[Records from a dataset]
##########

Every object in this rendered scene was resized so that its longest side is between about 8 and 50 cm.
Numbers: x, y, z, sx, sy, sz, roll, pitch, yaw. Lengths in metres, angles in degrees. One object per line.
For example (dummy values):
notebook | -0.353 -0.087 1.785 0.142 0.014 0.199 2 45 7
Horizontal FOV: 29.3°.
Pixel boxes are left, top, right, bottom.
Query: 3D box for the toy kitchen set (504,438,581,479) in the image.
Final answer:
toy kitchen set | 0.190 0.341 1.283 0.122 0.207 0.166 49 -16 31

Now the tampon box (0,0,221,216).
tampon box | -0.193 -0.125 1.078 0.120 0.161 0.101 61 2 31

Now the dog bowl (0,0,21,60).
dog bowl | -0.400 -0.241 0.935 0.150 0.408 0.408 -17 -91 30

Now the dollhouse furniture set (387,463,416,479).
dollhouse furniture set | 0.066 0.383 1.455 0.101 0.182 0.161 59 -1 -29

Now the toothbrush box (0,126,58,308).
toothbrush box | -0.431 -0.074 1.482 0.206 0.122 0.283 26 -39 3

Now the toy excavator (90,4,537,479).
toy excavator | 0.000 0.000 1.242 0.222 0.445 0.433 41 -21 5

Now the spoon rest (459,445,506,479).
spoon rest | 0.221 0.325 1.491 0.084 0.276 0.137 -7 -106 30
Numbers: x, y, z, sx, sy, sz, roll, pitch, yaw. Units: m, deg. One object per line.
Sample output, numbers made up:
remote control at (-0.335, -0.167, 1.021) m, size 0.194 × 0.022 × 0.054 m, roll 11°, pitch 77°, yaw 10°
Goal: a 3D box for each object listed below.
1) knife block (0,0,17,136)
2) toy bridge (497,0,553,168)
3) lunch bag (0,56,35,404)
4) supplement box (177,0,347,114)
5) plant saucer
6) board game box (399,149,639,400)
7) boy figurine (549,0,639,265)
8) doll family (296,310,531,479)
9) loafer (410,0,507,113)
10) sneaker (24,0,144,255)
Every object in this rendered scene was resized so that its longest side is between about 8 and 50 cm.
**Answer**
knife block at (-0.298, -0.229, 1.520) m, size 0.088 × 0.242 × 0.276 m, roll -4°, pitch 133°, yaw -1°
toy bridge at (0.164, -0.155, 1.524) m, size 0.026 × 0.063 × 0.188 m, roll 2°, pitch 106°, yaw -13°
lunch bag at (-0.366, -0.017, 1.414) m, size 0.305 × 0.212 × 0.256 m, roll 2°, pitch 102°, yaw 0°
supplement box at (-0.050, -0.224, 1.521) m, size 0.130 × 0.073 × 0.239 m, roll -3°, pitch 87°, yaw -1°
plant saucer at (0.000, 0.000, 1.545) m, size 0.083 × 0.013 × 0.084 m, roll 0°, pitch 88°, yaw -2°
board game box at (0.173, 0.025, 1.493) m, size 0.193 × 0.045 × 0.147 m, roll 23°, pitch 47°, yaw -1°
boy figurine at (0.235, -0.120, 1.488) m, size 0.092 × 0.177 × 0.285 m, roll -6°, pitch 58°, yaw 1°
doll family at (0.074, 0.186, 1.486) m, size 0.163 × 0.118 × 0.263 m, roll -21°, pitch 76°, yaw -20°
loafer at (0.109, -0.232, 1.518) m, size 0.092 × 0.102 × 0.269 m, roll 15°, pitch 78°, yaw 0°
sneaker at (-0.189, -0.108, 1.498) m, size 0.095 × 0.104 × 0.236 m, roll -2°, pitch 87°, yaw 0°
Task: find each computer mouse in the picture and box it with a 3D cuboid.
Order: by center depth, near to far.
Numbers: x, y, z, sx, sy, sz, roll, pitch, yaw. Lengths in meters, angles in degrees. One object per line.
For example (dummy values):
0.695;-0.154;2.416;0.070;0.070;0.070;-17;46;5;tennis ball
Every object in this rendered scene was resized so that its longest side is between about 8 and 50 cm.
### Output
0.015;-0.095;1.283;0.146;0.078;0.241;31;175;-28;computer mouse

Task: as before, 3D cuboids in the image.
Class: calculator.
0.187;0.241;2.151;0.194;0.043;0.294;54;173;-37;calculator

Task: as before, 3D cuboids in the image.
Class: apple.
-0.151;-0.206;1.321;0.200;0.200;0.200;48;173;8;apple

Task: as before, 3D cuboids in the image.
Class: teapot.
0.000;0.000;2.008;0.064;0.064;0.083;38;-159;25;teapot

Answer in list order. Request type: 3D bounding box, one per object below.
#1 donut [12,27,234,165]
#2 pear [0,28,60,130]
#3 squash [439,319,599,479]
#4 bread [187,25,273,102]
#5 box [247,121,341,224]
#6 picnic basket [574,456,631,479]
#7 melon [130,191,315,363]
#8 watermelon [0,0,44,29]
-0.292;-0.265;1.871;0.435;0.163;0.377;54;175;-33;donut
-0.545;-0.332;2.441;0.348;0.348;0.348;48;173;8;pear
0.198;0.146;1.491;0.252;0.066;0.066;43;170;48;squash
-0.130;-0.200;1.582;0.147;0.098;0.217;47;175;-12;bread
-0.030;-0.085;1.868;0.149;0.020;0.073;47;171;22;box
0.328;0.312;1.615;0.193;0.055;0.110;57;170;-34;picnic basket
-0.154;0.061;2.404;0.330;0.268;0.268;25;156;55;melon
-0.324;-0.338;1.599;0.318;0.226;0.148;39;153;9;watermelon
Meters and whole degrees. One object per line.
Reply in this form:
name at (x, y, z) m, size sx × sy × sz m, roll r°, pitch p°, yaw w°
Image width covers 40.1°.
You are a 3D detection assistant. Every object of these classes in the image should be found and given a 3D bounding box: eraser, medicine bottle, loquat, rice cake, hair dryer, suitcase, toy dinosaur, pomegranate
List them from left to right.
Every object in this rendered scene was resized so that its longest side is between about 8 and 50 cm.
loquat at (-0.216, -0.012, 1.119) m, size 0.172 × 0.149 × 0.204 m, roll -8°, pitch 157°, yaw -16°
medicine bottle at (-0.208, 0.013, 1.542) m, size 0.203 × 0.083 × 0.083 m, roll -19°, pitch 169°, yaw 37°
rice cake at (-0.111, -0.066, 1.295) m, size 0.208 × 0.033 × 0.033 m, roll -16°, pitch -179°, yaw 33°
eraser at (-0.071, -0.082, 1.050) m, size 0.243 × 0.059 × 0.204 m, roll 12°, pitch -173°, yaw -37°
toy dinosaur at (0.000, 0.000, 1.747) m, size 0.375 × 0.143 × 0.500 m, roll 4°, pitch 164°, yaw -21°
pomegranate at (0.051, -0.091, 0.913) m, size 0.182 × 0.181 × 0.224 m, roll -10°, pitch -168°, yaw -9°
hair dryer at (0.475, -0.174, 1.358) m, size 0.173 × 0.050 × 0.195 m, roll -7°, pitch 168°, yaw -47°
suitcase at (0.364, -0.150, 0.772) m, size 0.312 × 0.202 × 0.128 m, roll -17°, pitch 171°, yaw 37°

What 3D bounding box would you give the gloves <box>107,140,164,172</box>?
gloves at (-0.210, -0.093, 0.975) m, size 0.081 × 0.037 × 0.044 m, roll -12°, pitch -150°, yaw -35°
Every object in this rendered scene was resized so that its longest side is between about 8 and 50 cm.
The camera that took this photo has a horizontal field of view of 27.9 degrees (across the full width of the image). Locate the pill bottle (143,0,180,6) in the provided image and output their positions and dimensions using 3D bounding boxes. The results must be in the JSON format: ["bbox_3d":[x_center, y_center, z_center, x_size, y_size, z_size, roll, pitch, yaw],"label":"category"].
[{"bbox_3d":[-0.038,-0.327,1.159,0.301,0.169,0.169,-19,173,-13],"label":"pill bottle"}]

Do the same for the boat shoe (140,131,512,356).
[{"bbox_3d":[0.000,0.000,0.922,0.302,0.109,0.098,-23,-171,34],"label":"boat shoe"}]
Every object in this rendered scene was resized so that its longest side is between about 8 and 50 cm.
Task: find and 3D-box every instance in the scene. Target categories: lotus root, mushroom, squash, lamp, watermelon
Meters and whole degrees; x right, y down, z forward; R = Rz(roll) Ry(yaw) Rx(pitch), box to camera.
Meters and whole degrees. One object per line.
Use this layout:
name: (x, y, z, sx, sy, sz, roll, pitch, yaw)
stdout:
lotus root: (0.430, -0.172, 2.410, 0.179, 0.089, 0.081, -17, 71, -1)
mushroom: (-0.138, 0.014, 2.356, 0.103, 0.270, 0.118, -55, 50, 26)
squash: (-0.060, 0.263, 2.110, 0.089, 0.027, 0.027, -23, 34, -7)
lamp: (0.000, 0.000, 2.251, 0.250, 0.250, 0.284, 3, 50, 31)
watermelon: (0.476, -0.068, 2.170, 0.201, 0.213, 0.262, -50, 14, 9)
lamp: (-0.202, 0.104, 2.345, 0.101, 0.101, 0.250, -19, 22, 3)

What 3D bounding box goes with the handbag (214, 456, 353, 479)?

##########

Task prompt:
Exactly how many lines of the records hold "left"? Give the number without any words.

Solution for this exercise:
2